19 thoughts on “Audiochat-Tom and Mojo argue

      1. Black Dog

        Not trying to ‘help’ (If to me?) – just fascinated by this brazen interchange – What happened? They pull your license or something? I noticed your last few audio DLs are not activated. Did Mojo set off the censors? attract the attention of the thought police … the mounties? BTW are you kidding me – argument? Sounds like they were about to kiss … and it sounds like they have more freedom to speak their minds in Scotland then the politically correct BS we get around here.

          1. Black Dog

            Audio chats (this one) “Tom and Mojo argue” Oct. 9 and “KHam” Oct. 12 are not available for download on my end. “License” was off the cuff, half joking in reference to any speech laws you may be pushing the envelope on in Canada, like — this audio chat for instance. Of course I’m on the side of free speech and am not sure what the laws are in places that are now supposedly incriminating people for things they say! The non-downloadable chats are still available to listen to. If you are unaware they can not be downloaded – then maybe you are being censored.

  1. rgos

    Well, well, Mr Tom Dalpra getting dissed by a girl in a French battle rap. Who would’ve thunk. Don’t take it to heart, man. Happens to me every day. Getting dissed, by a girl, that is.

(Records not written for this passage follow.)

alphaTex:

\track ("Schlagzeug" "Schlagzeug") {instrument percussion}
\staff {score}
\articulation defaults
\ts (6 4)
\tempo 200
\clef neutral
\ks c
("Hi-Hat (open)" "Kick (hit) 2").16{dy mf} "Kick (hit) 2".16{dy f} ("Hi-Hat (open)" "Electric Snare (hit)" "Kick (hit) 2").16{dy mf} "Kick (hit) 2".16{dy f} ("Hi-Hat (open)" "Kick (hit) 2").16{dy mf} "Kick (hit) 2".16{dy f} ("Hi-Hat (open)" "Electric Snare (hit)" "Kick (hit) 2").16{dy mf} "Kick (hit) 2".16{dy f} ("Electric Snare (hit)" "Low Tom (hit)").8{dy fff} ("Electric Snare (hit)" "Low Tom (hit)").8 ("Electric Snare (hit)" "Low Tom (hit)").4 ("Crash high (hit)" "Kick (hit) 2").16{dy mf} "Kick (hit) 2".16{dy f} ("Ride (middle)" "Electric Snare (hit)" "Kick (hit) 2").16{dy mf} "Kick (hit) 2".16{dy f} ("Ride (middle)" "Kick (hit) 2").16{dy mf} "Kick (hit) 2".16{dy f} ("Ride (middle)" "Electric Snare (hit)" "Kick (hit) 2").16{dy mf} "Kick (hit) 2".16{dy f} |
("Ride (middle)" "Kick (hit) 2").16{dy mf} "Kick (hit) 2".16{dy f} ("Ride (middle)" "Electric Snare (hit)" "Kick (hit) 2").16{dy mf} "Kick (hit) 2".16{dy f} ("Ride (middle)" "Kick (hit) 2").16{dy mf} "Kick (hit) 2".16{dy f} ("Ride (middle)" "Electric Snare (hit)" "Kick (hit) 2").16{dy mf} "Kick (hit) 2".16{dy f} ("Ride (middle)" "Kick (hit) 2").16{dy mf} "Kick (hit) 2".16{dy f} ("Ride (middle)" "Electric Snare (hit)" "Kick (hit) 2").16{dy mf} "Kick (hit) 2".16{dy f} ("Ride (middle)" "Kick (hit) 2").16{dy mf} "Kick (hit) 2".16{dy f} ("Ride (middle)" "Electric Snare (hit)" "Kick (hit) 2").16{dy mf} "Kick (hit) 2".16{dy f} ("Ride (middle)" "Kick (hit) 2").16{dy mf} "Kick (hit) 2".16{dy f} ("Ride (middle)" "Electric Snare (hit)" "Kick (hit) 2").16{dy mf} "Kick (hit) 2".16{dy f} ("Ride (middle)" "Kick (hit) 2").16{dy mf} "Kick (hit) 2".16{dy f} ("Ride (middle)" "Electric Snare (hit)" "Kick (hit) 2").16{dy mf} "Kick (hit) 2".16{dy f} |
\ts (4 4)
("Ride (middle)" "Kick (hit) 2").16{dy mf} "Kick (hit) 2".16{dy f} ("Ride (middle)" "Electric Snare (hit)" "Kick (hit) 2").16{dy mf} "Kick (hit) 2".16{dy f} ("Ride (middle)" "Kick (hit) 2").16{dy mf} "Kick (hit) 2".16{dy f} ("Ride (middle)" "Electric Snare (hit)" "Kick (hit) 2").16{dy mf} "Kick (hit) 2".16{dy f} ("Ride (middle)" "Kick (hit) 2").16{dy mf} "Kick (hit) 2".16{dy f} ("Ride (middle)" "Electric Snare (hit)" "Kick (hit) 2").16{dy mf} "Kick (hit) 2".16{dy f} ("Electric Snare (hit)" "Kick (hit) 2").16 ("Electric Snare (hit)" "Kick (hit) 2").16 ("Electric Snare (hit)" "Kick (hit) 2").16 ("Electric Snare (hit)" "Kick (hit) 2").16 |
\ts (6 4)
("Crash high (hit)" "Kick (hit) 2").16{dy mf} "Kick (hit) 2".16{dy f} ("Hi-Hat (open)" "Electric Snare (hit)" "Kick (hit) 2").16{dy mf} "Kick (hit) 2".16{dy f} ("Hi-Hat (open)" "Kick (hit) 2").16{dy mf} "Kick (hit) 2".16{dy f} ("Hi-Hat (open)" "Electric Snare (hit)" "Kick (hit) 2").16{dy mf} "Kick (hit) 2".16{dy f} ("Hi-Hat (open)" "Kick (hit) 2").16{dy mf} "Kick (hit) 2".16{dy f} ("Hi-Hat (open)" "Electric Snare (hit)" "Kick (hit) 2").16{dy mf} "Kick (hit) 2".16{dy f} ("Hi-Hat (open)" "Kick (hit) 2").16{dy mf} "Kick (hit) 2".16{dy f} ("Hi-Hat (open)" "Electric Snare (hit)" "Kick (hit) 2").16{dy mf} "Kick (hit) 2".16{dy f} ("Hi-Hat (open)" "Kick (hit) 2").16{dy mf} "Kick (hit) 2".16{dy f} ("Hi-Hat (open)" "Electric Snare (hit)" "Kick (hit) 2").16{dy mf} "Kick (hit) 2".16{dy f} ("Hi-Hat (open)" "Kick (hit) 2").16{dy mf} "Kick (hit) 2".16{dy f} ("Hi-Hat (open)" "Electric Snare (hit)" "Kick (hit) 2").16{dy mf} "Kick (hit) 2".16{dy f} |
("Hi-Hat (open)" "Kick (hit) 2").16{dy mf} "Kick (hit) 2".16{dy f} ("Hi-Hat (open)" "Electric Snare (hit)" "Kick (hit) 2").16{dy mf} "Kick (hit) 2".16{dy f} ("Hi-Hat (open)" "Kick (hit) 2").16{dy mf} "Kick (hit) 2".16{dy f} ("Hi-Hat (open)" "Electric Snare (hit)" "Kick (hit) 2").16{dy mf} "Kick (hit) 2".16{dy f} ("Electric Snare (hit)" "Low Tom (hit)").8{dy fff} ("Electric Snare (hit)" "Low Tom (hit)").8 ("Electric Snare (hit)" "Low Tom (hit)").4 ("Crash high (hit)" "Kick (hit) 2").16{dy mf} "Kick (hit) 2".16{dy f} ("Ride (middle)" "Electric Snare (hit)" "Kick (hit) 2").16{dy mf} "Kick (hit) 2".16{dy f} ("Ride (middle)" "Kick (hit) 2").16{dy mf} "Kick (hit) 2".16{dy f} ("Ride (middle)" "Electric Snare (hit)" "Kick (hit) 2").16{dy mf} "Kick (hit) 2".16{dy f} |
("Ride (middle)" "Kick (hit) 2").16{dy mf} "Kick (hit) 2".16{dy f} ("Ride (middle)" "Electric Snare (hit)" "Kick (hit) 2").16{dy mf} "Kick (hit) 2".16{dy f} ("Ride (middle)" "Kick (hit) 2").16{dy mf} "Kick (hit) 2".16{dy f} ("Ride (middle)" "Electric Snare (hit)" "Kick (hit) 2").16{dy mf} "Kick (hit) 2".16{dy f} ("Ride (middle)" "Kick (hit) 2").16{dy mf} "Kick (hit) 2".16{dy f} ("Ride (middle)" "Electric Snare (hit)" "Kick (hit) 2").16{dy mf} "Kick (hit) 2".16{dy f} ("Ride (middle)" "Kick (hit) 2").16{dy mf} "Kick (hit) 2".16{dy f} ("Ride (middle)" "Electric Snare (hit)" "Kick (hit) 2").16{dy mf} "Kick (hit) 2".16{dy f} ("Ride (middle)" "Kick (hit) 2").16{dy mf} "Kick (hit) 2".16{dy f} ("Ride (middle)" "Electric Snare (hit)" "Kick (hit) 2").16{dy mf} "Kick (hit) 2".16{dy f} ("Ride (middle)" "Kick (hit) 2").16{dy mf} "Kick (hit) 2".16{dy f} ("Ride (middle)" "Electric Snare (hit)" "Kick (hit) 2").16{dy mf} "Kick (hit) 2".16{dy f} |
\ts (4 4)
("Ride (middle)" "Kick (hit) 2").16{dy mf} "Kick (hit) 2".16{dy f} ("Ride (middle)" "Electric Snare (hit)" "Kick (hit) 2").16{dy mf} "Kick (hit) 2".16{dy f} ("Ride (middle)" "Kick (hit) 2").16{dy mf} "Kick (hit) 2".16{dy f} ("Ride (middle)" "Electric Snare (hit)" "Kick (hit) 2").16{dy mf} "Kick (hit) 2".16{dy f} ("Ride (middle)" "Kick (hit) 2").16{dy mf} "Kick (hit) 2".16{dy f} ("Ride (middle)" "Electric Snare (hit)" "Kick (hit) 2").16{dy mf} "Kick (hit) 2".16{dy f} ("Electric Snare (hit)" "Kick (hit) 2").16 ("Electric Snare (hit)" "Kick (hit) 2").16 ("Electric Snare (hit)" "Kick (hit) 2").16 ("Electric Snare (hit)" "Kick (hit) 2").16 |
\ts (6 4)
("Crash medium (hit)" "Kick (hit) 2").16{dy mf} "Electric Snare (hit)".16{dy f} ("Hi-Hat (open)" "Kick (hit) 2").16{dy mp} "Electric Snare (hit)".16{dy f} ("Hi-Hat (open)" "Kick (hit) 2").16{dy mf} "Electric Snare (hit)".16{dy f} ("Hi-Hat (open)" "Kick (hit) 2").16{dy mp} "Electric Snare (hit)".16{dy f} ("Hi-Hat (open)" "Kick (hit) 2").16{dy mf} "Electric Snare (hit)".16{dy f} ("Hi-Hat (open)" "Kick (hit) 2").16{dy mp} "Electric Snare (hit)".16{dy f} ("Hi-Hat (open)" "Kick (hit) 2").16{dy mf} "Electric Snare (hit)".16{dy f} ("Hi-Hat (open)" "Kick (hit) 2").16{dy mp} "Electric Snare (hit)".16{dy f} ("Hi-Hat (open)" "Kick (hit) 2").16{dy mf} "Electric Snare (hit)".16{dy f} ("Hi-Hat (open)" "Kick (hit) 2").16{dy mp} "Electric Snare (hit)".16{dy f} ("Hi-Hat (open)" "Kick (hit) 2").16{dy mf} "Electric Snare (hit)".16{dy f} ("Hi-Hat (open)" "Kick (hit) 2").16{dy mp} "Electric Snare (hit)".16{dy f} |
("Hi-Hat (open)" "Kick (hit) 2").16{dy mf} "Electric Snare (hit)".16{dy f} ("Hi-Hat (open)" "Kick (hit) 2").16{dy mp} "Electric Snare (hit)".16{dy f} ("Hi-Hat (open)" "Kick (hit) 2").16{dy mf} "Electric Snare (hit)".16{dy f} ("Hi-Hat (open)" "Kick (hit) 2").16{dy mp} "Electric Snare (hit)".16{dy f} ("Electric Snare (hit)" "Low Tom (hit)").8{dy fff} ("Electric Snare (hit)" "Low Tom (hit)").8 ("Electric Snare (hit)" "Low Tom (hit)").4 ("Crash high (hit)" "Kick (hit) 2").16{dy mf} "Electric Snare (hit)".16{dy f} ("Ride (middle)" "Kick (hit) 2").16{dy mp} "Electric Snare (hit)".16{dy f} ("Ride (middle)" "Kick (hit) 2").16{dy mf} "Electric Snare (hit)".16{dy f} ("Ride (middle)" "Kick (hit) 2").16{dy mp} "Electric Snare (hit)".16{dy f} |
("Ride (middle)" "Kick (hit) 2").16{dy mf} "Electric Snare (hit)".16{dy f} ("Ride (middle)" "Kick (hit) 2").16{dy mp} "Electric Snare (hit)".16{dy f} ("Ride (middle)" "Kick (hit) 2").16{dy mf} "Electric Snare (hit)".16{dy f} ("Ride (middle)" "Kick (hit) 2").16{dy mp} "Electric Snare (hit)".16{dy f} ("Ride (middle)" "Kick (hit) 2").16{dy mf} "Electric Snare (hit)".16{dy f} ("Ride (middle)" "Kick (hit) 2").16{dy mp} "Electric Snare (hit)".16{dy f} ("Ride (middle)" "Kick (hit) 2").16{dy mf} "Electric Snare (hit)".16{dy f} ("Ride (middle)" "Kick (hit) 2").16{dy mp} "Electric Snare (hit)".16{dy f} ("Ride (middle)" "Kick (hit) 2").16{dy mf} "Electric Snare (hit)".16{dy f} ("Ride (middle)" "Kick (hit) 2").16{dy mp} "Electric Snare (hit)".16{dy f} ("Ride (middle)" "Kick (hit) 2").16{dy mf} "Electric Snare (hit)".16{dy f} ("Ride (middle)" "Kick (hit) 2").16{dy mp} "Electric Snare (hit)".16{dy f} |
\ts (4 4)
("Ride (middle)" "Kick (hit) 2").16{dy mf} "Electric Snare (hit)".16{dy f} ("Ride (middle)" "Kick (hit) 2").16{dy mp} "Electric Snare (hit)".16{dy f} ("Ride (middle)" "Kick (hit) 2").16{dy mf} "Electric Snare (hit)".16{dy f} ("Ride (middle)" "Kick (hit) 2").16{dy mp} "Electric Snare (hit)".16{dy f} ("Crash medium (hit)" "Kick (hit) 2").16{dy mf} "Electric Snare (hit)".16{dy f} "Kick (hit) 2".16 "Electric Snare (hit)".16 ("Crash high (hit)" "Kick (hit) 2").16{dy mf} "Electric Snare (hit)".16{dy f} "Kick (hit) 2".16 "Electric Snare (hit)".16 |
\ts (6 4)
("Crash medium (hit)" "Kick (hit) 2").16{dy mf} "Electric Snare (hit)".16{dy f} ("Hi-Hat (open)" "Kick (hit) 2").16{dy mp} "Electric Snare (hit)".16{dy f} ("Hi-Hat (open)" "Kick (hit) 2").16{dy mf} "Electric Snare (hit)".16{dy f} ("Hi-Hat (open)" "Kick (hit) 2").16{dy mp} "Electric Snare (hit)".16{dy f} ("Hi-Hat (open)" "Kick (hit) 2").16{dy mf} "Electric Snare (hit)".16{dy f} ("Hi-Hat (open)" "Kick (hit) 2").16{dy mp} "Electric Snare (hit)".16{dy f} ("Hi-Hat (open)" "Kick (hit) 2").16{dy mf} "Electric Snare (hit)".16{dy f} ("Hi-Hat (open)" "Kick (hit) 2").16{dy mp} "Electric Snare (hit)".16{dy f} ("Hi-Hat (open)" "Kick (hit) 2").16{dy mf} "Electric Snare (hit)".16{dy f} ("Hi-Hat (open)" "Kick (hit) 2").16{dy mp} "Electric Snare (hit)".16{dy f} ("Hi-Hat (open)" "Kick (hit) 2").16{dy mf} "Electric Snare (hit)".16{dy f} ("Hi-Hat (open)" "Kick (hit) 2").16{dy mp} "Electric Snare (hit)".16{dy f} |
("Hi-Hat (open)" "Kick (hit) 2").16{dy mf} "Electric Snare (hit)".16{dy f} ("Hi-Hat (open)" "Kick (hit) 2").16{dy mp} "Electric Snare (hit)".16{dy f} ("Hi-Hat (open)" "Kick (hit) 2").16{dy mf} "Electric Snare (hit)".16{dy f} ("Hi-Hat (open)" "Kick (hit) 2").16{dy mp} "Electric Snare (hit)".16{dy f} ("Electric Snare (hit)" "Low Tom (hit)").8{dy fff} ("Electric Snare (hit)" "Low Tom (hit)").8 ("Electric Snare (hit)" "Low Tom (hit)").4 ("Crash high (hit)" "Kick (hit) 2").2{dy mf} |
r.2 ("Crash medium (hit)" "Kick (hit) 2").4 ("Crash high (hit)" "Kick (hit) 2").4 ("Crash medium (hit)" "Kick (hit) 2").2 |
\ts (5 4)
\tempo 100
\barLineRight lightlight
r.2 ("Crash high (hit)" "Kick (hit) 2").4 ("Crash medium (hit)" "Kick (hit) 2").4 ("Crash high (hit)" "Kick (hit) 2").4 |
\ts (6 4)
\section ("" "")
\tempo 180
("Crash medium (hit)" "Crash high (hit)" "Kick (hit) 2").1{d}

Keeps us on our toes.

    1. Carole Thomas

      I think Babette is using vituperation as a literary device to provoke a reaction in the interlocutor. Particularly her use of French invective is educational and I am making notes so if I end up in the Boulevard de Clichy one dark evening, I will have ample linguistic resources at hand to engage in a flyting contest.
      “Flyting became public entertainment in Scotland in the 15th and 16th centuries where makars would engage in verbal contests of provocative, often sexual and scatological but highly poetic abuse. Flyting was permitted despite the fact that the penalty for profanities in public was a fine of 20 shillings (over £300 in 2015 prices) for a lord or a whipping for servant.[5] James IV and James V encouraged “court flyting” between poets for their entertainment and occasionally engaged with them. The Flyting of Dumbar and Kennedie records a contest between William Dunbar and Walter Kennedy in front of James IV, which includes the earliest recorded use of the word shit as a personal insult.[5] In 1536 the poet Sir David Lyndsay composed a ribald 60 line flyte to James V after the King demanded a response to a flyte.”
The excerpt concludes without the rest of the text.